Les responsables de la diplomatie des 27 pays de l’Union européenne vont se retrouver le 27 mai prochain afin d’examiner la poursuite voire l’aggravation des sanctions à l’encontre du régime de Damas.
Avec plus de 70 000 morts et le déplacement de plusieurs millions d’habitants, la Syrie est devenue la nouvelle poudrière du Proche Orient. L’attentat de ce weekend dans la ville de Reyhanli en Turquie, orchestré par les services de renseignement de Syrie, fait suite il y a quelques jours au bombardement de convois d’armements destinés au Hezbollah sur ce même territoire par Israël qui ne veut en aucune manière un renforcement du danger au Nord de ses frontières.

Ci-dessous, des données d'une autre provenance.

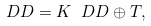Convert formula to latex. <formula><loc_0><loc_0><loc_500><loc_500>\ D D = K _ { \ } D D \oplus T ,</formula> 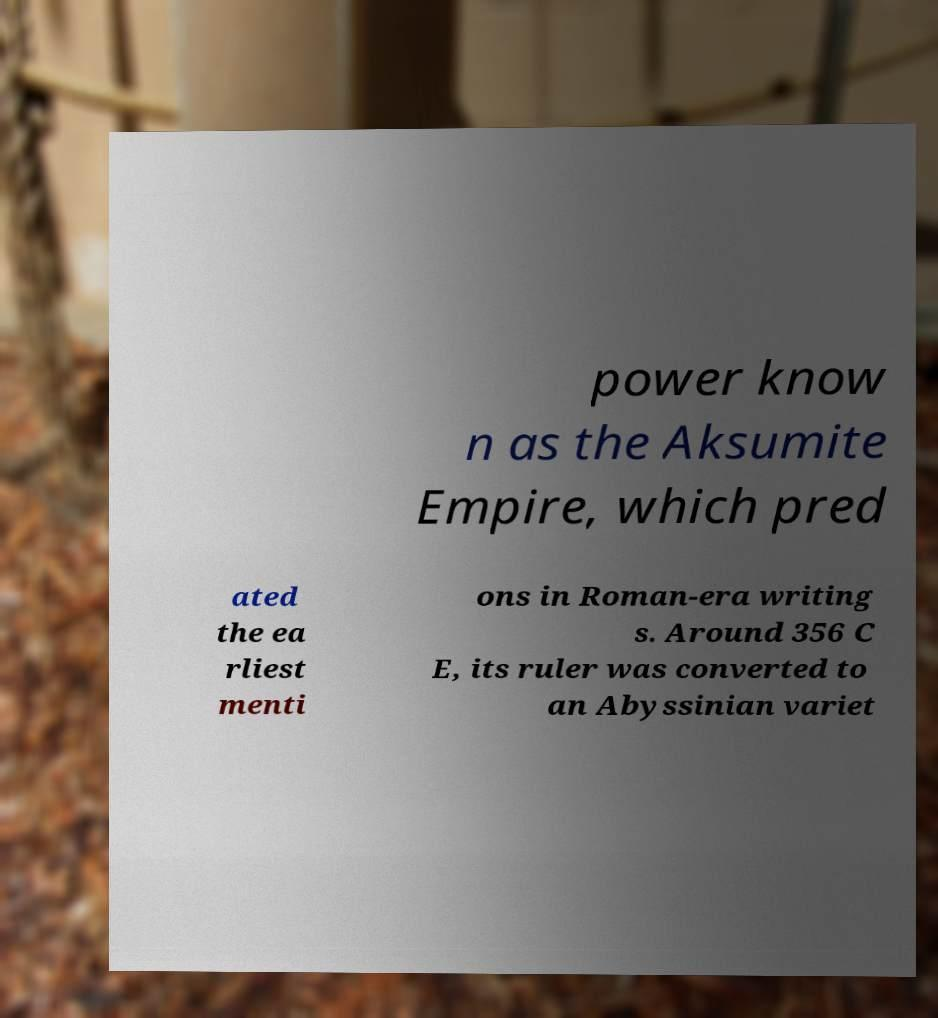I need the written content from this picture converted into text. Can you do that? power know n as the Aksumite Empire, which pred ated the ea rliest menti ons in Roman-era writing s. Around 356 C E, its ruler was converted to an Abyssinian variet

L’Iran s’implique dans ce conflit en soutenant les Chiites du Liban et ceux sur le territoire Syrien. La démocratie Turque, peuplée majoritairement de Musulmans, apporte un soutien logistique à la rébellion, aidée en cela par les puissances Sunnites, Arabie Saoudite et Quatar en tête… Tout comme plus indirectement les démocraties occidentales dont les USA et l’Union européenne. La Russie qui craint plus que tout un développement de l’extrémisme religieux dans ses territoires du Sud soutient jusqu’au bout le régime sanguinaire de Damas en l’inondant d’armements modernes.
Il ne faut pas parier sur l’enlisement du conflit, lequel va contribuer à déstabiliser les pays voisins comme le Liban et la Jordanie, puis à inonder l’ensemble de cette région d’armes et de terroristes. L’exemple du Mali illustre les conséquences d’une prolongation d’une guerre civile dans cette partie du monde. L’Europe va-t-elle prendre le risque de voir à ses pieds un conflit de grande envergure se généraliser ?
Face à une réticence des USA d’intervenir plus directement dans ce conflit, l’Union européenne, placée en 1ère ligne, aurait intérêt à passer à l’acte ou bien en aidant directement la rébellion ou bien en contribuant à installer au plus vite un gouvernement d’union nationale. La seconde hypothèse est très incertaine compte tenu des déclarations Françaises exigeant au préalable le départ de Bachar El Assad, il ne reste plus qu’à contribuer au plus vite à son renversement.